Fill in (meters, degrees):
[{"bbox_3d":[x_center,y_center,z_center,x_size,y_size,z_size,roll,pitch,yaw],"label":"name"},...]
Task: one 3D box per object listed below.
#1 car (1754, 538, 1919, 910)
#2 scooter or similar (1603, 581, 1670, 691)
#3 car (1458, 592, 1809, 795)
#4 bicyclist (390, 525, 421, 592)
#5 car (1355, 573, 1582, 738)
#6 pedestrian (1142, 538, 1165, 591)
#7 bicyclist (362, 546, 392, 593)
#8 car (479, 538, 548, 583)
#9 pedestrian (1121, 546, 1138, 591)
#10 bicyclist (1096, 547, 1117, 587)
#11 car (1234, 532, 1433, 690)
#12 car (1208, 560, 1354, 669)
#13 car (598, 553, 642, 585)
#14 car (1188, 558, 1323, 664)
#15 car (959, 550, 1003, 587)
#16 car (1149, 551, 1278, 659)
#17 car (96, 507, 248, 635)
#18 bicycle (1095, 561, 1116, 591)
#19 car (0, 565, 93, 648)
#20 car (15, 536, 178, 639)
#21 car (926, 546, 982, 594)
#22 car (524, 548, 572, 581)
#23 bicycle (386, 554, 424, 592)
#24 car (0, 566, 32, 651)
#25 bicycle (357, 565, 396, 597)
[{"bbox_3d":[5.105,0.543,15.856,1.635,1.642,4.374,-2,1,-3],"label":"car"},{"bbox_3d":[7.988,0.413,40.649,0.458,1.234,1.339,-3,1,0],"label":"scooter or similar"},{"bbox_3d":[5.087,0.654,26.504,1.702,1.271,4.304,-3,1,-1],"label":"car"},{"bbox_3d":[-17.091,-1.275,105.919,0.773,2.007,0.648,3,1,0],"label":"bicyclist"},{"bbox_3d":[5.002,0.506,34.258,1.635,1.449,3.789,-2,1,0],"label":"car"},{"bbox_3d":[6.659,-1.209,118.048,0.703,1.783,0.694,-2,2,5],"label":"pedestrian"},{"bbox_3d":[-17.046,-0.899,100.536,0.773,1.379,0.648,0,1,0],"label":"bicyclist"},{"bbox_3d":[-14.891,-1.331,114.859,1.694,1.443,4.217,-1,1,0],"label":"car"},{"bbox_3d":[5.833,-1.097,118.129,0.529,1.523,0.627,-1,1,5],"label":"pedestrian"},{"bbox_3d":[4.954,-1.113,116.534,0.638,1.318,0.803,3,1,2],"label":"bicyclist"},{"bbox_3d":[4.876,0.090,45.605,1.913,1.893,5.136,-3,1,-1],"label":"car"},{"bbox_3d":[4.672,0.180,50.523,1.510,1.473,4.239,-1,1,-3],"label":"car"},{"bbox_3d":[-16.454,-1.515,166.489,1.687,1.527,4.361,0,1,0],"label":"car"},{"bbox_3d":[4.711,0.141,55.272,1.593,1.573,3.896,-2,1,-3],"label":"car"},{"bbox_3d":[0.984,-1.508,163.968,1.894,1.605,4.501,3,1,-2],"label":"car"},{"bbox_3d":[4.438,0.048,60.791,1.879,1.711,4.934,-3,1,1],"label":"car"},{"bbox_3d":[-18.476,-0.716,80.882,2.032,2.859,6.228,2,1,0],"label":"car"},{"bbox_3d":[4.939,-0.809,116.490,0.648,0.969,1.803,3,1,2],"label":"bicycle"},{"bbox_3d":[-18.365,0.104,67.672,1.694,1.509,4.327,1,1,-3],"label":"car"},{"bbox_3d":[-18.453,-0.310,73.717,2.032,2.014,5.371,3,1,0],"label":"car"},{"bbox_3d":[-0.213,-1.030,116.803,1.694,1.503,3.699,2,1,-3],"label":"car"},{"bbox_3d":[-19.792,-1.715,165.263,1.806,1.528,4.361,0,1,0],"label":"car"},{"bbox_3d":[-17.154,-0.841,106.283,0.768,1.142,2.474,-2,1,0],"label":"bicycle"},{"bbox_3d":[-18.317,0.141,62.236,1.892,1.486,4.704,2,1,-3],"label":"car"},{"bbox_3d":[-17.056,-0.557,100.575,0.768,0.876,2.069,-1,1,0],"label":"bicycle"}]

▶ TASK OBJECTIVE:
Will you return exactly the lines above from the one with "#11 car (1234, 532, 1433, 690)" down to the one with "#18 bicycle (1095, 561, 1116, 591)", counting both as part of the range?

▶ RESULT FOR THIS TASK:
#11 car (1234, 532, 1433, 690)
#12 car (1208, 560, 1354, 669)
#13 car (598, 553, 642, 585)
#14 car (1188, 558, 1323, 664)
#15 car (959, 550, 1003, 587)
#16 car (1149, 551, 1278, 659)
#17 car (96, 507, 248, 635)
#18 bicycle (1095, 561, 1116, 591)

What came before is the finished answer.